◆ REQUIREMENT: Throughout the material, some lines may have the word "along". Count them and give the number only.

═════ RECORDS FOR THIS TASK ═════

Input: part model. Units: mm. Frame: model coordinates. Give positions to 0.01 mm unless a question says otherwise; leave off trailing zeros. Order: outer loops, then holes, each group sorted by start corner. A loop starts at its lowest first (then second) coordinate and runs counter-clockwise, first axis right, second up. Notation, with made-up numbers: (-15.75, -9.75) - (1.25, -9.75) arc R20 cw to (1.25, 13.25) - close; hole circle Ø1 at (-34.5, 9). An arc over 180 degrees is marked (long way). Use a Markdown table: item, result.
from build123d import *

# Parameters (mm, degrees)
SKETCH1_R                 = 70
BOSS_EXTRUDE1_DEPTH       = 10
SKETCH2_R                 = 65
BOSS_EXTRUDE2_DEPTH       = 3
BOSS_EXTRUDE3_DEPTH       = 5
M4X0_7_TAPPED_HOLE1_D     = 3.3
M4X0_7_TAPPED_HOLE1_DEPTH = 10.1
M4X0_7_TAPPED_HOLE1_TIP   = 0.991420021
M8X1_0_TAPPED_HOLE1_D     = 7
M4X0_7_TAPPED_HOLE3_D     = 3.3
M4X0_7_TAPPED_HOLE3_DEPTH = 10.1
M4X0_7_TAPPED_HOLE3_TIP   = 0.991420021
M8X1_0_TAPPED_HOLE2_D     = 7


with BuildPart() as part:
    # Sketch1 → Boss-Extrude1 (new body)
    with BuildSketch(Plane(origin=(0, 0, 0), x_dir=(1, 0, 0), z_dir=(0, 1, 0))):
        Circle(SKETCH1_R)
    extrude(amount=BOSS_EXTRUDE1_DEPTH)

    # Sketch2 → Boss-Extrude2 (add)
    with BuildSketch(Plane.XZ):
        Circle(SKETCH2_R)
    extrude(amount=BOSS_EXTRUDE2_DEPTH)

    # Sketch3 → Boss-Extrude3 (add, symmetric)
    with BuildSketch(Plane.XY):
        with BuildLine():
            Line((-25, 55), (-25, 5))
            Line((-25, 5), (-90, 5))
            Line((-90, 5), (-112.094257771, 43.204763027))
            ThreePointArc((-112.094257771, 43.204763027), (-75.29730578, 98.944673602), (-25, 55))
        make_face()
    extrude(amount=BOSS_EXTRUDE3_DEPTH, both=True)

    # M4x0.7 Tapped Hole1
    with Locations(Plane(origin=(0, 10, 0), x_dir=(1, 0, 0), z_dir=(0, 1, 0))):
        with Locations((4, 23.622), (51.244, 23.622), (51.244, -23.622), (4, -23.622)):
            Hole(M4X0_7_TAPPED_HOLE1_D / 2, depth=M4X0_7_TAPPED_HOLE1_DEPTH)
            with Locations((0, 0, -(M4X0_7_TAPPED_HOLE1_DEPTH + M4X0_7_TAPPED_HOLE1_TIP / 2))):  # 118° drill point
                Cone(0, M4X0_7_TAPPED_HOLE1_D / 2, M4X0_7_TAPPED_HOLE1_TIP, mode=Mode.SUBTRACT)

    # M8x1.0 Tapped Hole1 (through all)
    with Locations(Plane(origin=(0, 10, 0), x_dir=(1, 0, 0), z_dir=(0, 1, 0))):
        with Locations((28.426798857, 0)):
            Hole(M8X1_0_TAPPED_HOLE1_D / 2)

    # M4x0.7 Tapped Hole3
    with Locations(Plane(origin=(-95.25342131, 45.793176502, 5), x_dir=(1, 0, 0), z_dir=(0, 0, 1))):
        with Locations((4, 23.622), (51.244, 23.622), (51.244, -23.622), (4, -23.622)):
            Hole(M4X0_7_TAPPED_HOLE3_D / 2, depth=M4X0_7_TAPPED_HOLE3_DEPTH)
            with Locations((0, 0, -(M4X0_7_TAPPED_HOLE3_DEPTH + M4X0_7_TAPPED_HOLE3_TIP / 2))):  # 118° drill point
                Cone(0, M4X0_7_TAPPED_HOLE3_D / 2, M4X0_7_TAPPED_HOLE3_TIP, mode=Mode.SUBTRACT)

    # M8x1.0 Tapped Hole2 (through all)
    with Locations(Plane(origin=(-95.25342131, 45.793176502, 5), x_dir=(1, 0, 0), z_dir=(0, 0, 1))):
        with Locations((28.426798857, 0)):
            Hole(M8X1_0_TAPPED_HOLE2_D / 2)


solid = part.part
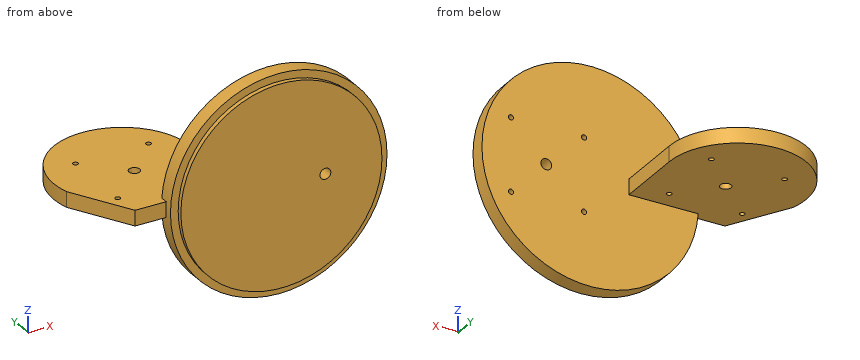
1. Section query B-B (z = 0). Return loops of the section in (x, y).
Response:
| item | result |
|---|---|
| outline | (-112.09, 43.2) - (-90, 5) - (-70, 5) - (-70, 0) - (-65, 0) - (-65, -3) - (24.93, -3) - (24.93, 10) - (-25, 10) - (-25, 55) arc R44.35 ccw (long way) to start; (31.93, -3) - (65, -3) - (65, 0) - (70, 0) - (70, 10) - (31.93, 10) - close; hole circle Ø3.3 at (-91.25, 22.17); hole circle Ø3.3 at (-91.25, 69.42); hole circle Ø7 at (-66.83, 45.79); hole circle Ø3.3 at (-44.01, 22.17); hole circle Ø3.3 at (-44.01, 69.42) |
2. Pin query (flat end, axial travel): pin 1 (2 mm diameter, centred on x = -44.01, y = 22.17, fed in from +Z); pin 2 (1 mm diameter, centred on x = -36.5, z = -50, fed in from +Y); pin 3 (3 mm diameter, centred on x = 51.244, z = -23.622, fed in from +Y); pin 4 (3 mm diameter, centred on y = 26.5, z = 0.5, fed in from +X). Return the tip coordinate at first contact, or that it passes through.
Response:
| item | result |
|---|---|
| pin 1 | passes through |
| pin 2 | stops at y = 10 |
| pin 3 | stops at y = -0.19 |
| pin 4 | stops at x = -25 |
3. Material intervals for line 1 along Z through (x, y) = (-56, 11); line 2 along Z through (x, y) = (4, 7.75); line 3 along Y through (x, z) = (37, 42.5), sorted ascending.
Response:
| item | result |
|---|---|
| line 1 | z = -5 to 5 |
| line 2 | z = -69.89 to -25.27, -21.97 to 21.97, 25.27 to 69.89 |
| line 3 | y = -3 to 10 |
4. Section query D-D (x = -54.5). Return loops of the section in (y, z), then the cut area to 3 significant figures.
Response:
| item | result |
|---|---|
| outline | (-3, -35.42) - (0, -35.42) - (0, -43.93) - (10, -43.93) - (10, -5) - (96.79, -5) - (96.79, 5) - (10, 5) - (10, 43.93) - (0, 43.93) - (0, 35.42) - (-3, 35.42) - close |
| area | 1,960 mm^2 |
5. Section query C-C (x = 0). Return loops of the section in (y, z).
Response:
| item | result |
|---|---|
| outline | (-3, -65) - (0, -65) - (0, -70) - (10, -70) - (10, 70) - (0, 70) - (0, 65) - (-3, 65) - close |
6. Section query A-A (z = 56). Return loops of the section in (x, y).
Response:
| item | result |
|---|---|
| outline | (-42, 0) - (-33, 0) - (-33, -3) - (33, -3) - (33, 0) - (42, 0) - (42, 10) - (-42, 10) - close |
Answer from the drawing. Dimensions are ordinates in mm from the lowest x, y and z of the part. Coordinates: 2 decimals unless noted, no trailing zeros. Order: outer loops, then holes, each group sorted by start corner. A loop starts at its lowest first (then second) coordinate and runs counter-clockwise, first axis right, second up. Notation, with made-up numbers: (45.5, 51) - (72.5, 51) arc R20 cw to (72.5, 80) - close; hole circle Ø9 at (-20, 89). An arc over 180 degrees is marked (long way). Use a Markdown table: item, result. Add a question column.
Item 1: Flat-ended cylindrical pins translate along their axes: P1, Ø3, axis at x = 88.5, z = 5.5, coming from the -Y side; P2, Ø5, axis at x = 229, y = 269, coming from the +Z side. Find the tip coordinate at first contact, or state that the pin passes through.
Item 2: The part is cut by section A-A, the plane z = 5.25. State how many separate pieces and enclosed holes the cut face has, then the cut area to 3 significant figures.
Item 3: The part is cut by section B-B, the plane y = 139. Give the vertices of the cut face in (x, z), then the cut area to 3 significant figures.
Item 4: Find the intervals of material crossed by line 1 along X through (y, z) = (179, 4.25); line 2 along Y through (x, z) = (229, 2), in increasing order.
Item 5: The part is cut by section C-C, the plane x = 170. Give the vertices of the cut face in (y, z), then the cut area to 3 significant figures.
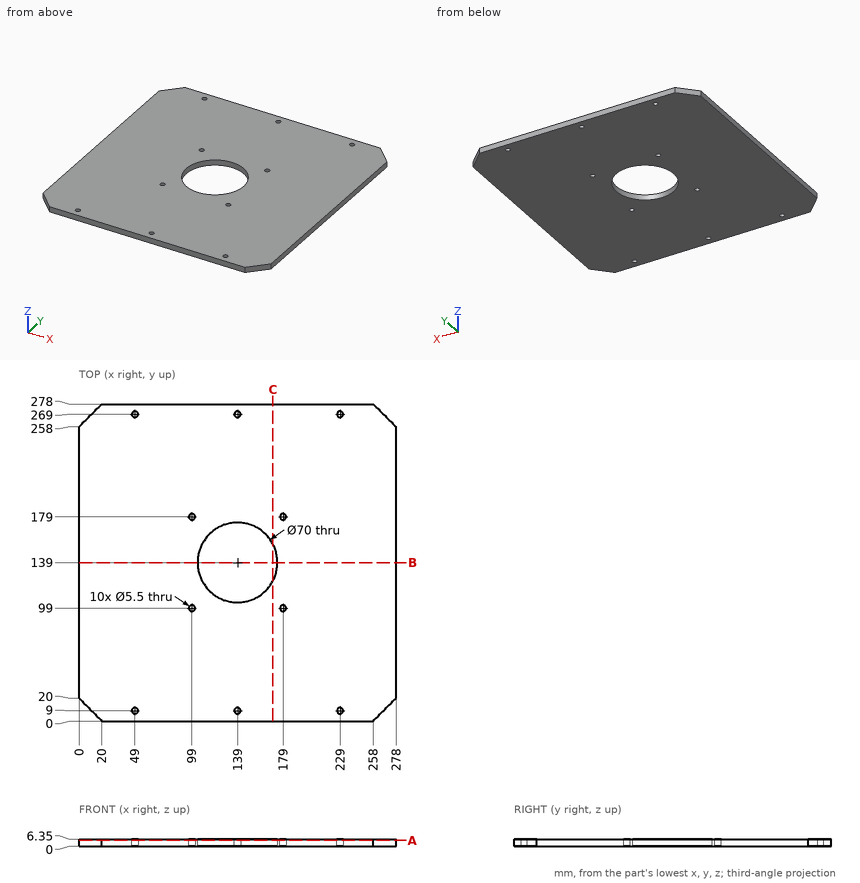
Solution:
| question | item | result |
|---|---|---|
| 1 | P1 | stops at y = 0 |
| 1 | P2 | passes through |
| 2 | separate pieces | 1 |
| 2 | enclosed holes | 11 |
| 2 | area | 72,400 mm2 |
| 3 | outline | (0, 0) - (104, 0) - (104, 6.35) - (0, 6.35) - close; (174, 0) - (278, 0) - (278, 6.35) - (174, 6.35) - close |
| 3 | area | 1,320 mm2 |
| 4 | line 1 | x = 0 to 96.25, 101.75 to 176.25, 181.75 to 278 |
| 4 | line 2 | y = 0 to 6.25, 11.75 to 266.25, 271.75 to 278 |
| 5 | outline | (0, 0) - (122.75, 0) - (122.75, 6.35) - (0, 6.35) - close; (155.25, 0) - (278, 0) - (278, 6.35) - (155.25, 6.35) - close |
| 5 | area | 1,560 mm2 |

═════

◆ ANSWER SECTION: 3